BEGIN Supplied records

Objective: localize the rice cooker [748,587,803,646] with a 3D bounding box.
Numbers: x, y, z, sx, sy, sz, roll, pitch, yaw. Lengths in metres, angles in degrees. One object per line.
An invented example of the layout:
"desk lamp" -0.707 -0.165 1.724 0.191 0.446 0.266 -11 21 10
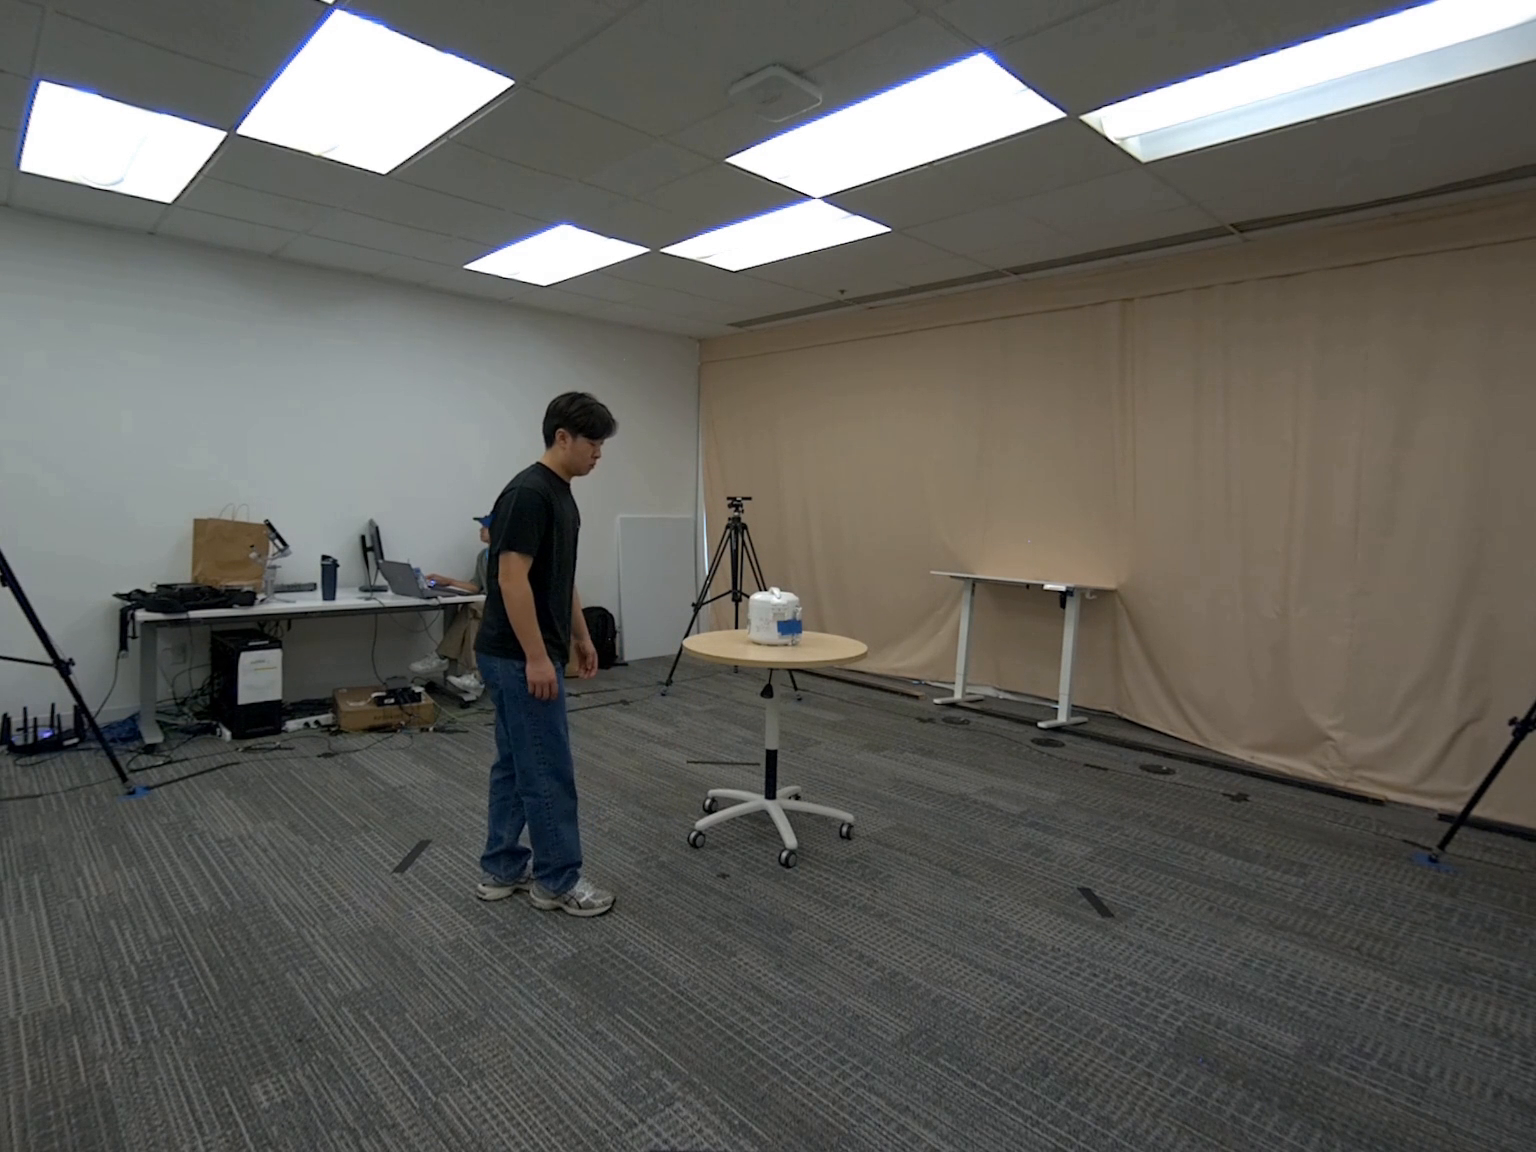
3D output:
"rice cooker" 0.019 0.166 3.519 0.216 0.232 0.222 1 3 -9

END Supplied records

◆ **Problem description**
Without the pictures, copy out each entry exactly as it stands.

◆ **Expected answer**
Objective: localize the rice cooker [748,587,803,646] with a 3D bounding box.
Numbers: x, y, z, sx, sy, sz, roll, pitch, yaw. Lengths in metres, angles in degrees. One object per line.
An invented example of the layout:
"desk lamp" -0.707 -0.165 1.724 0.191 0.446 0.266 -11 21 10
3D output:
"rice cooker" 0.019 0.166 3.519 0.216 0.232 0.222 1 3 -9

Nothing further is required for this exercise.